How to complete this task: What follows is a set of records. Copy them exactly and leave out the images.

Listed entries:
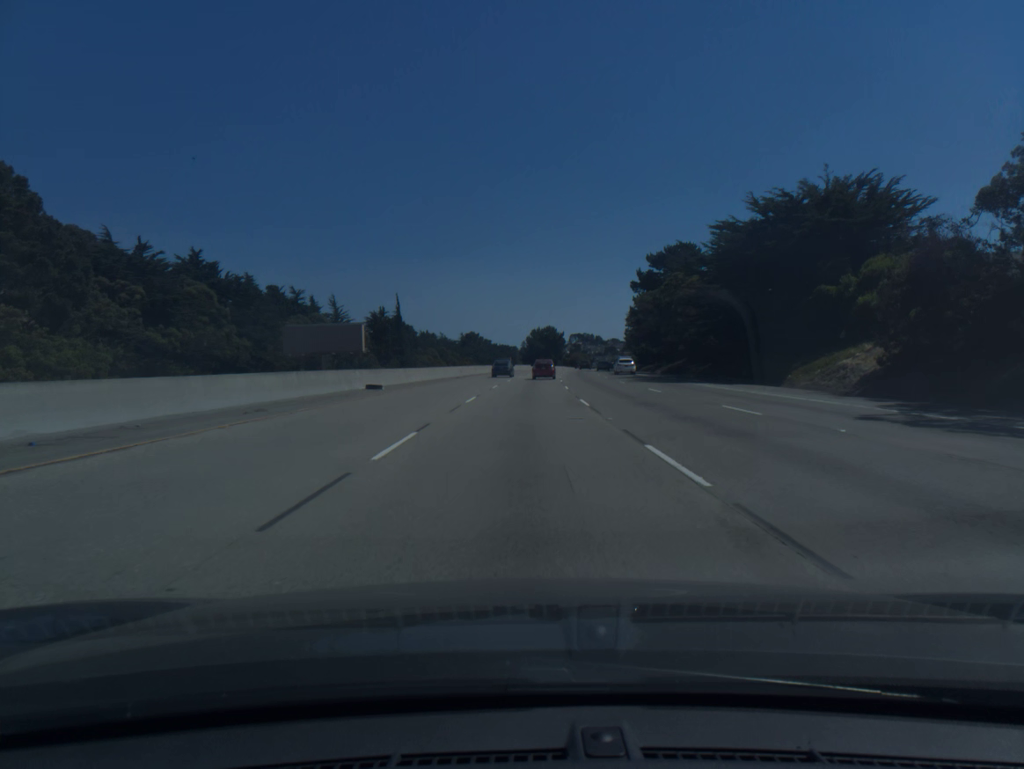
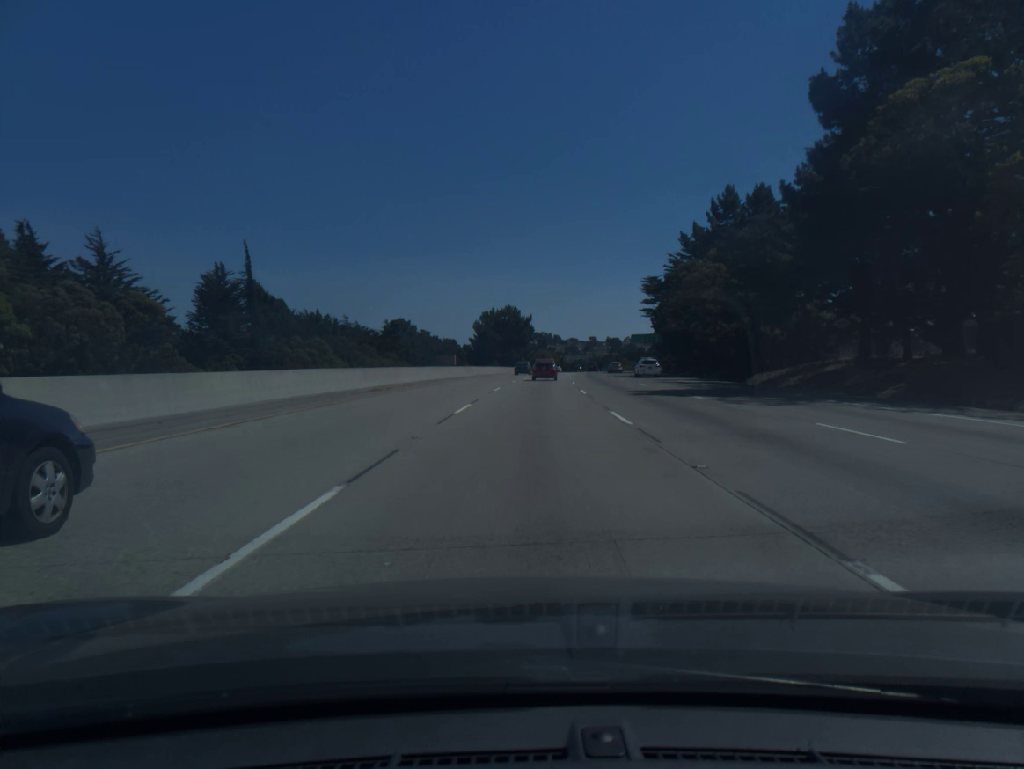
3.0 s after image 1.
(+2.3, +79.9) m; +3°
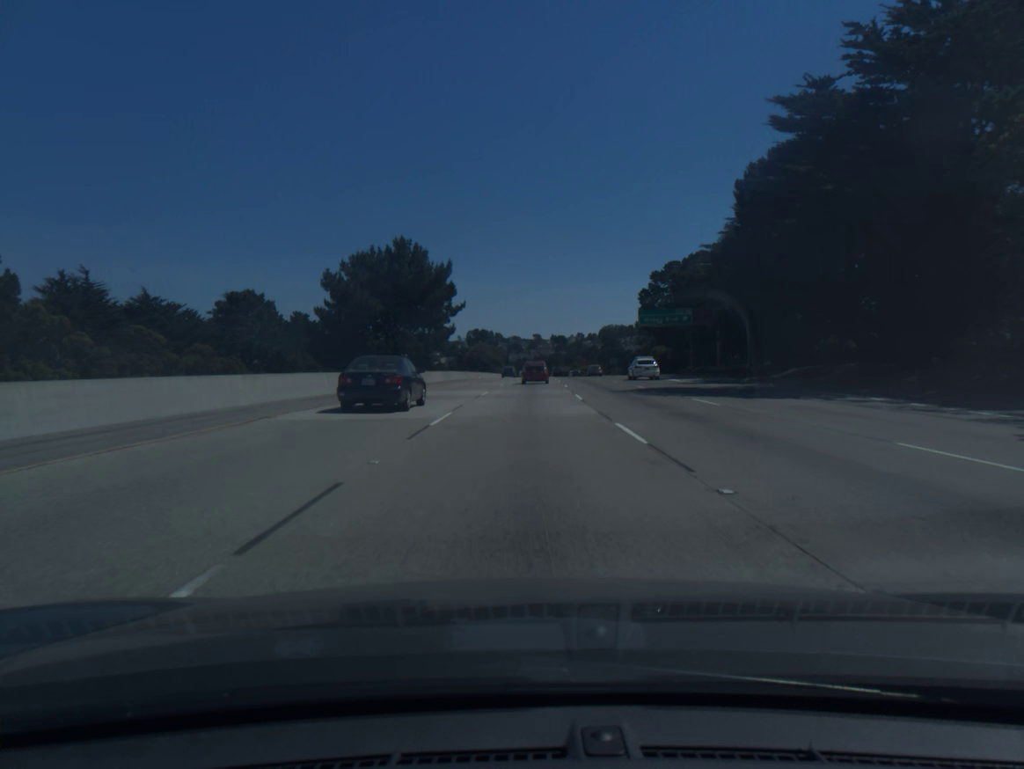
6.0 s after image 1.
(+3.1, +77.2) m; +4°
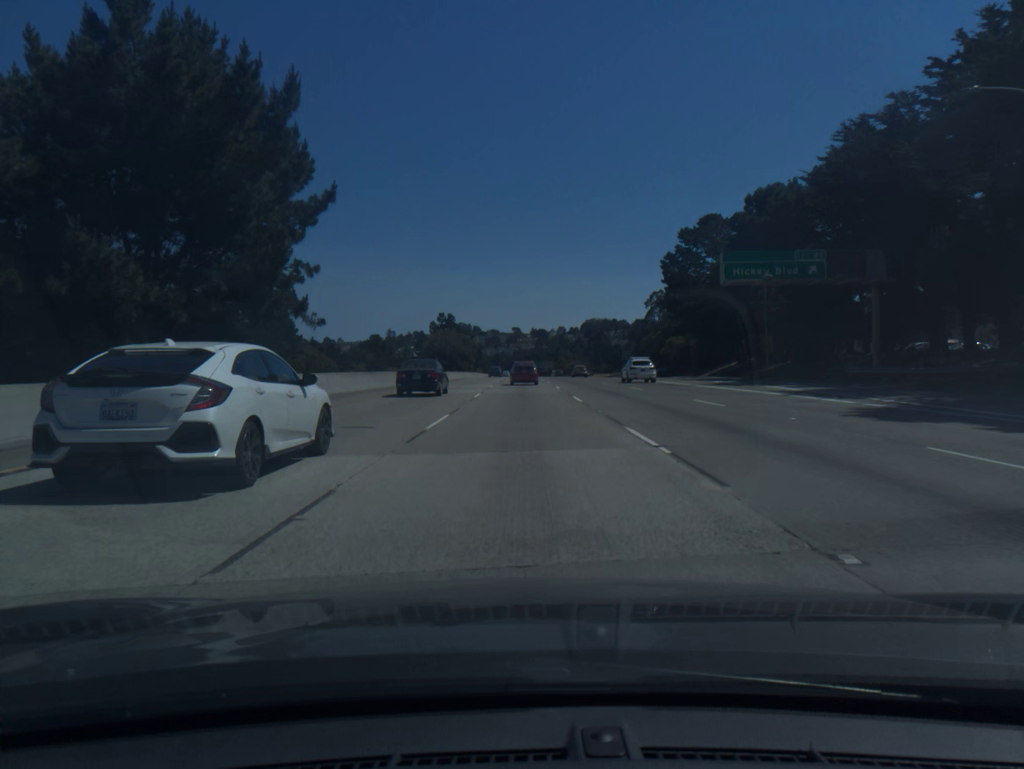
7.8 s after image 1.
(+0.7, +45.1) m; +2°
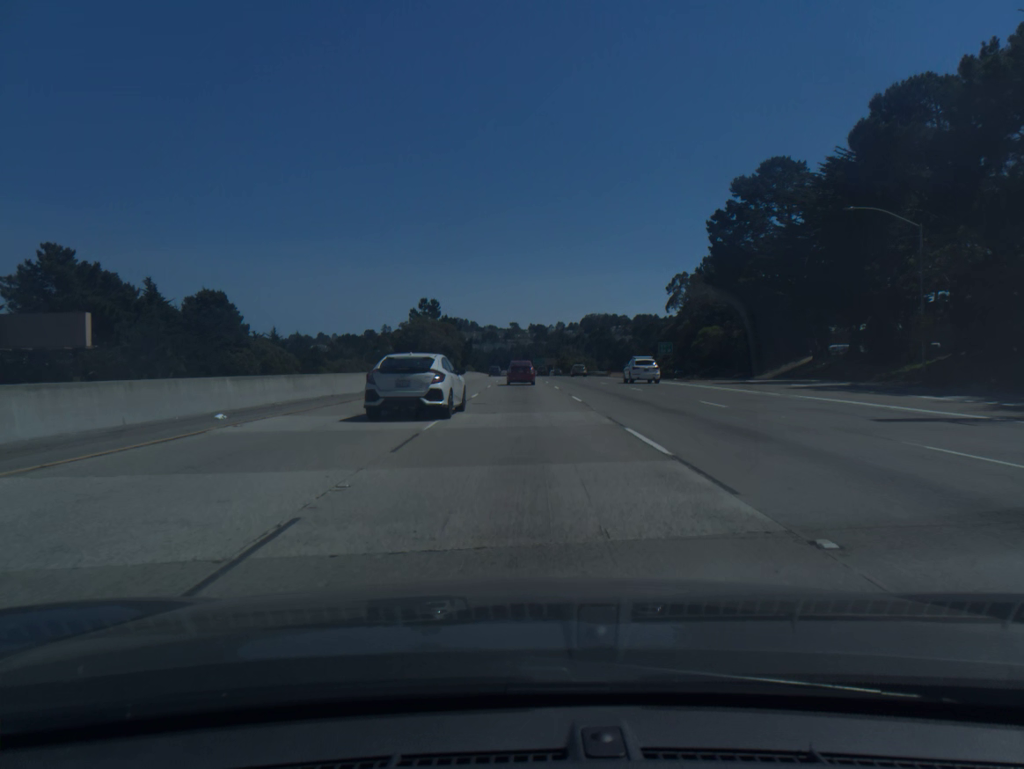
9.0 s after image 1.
(+0.1, +29.6) m; 0°
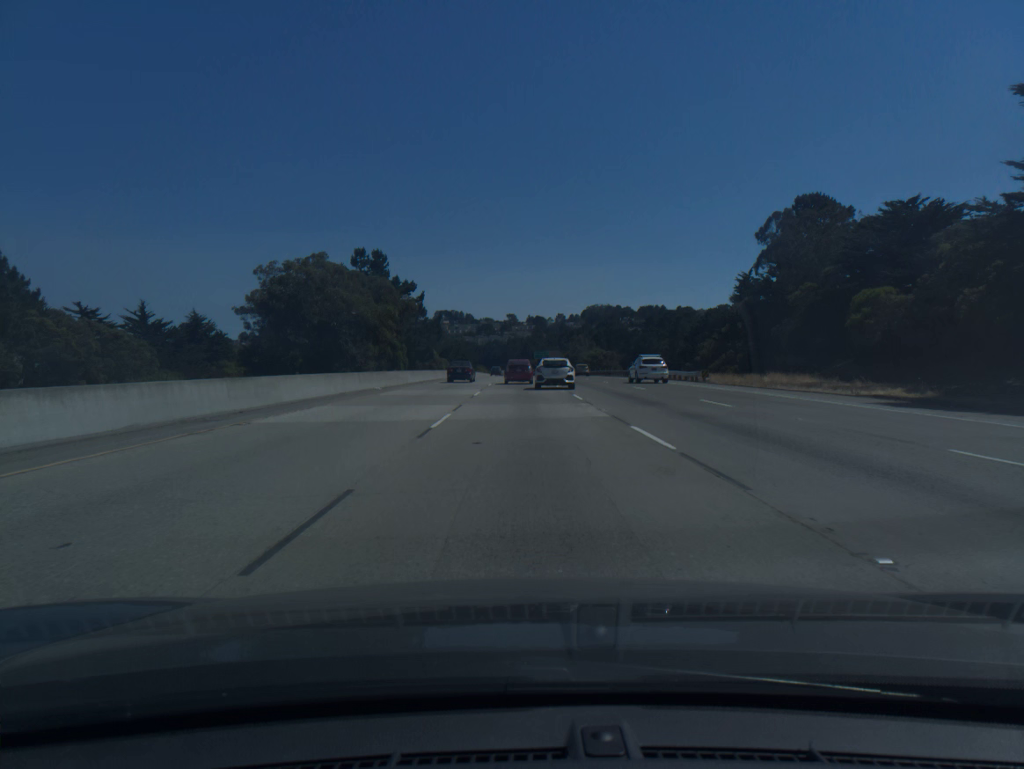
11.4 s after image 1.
(-0.2, +58.4) m; 0°
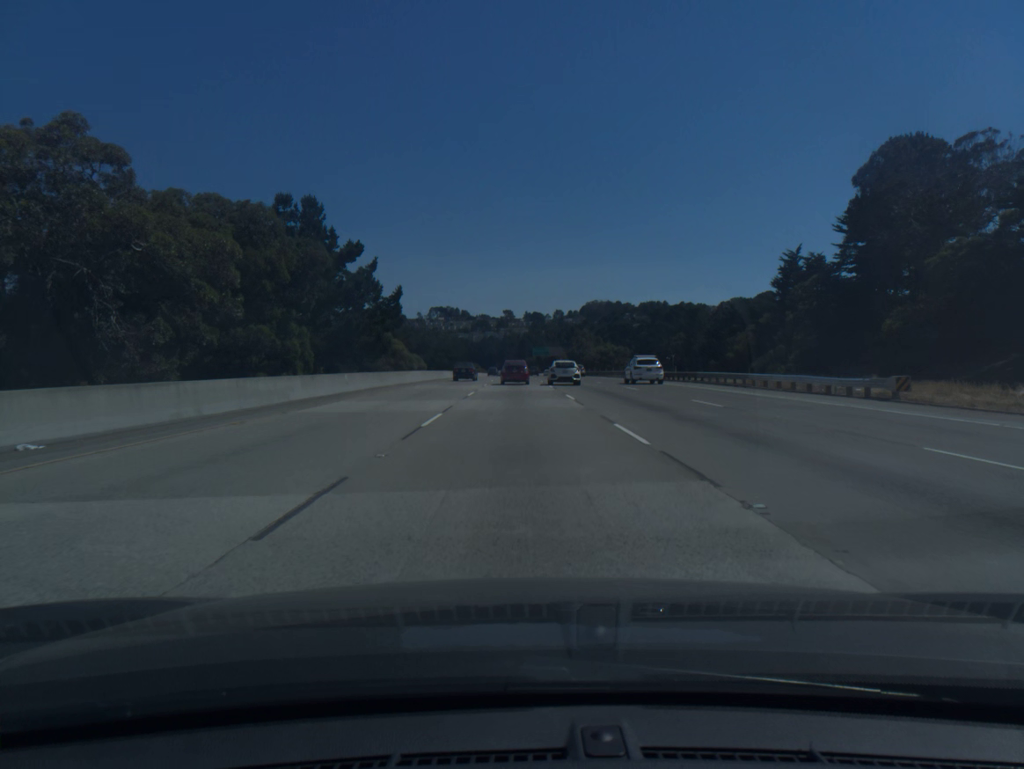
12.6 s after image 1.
(+0.1, +28.8) m; 0°

Final answer:
3.0 s after image 1.
(+2.3, +79.9) m; +3°
6.0 s after image 1.
(+3.1, +77.2) m; +4°
7.8 s after image 1.
(+0.7, +45.1) m; +2°
9.0 s after image 1.
(+0.1, +29.6) m; 0°
11.4 s after image 1.
(-0.2, +58.4) m; 0°
12.6 s after image 1.
(+0.1, +28.8) m; 0°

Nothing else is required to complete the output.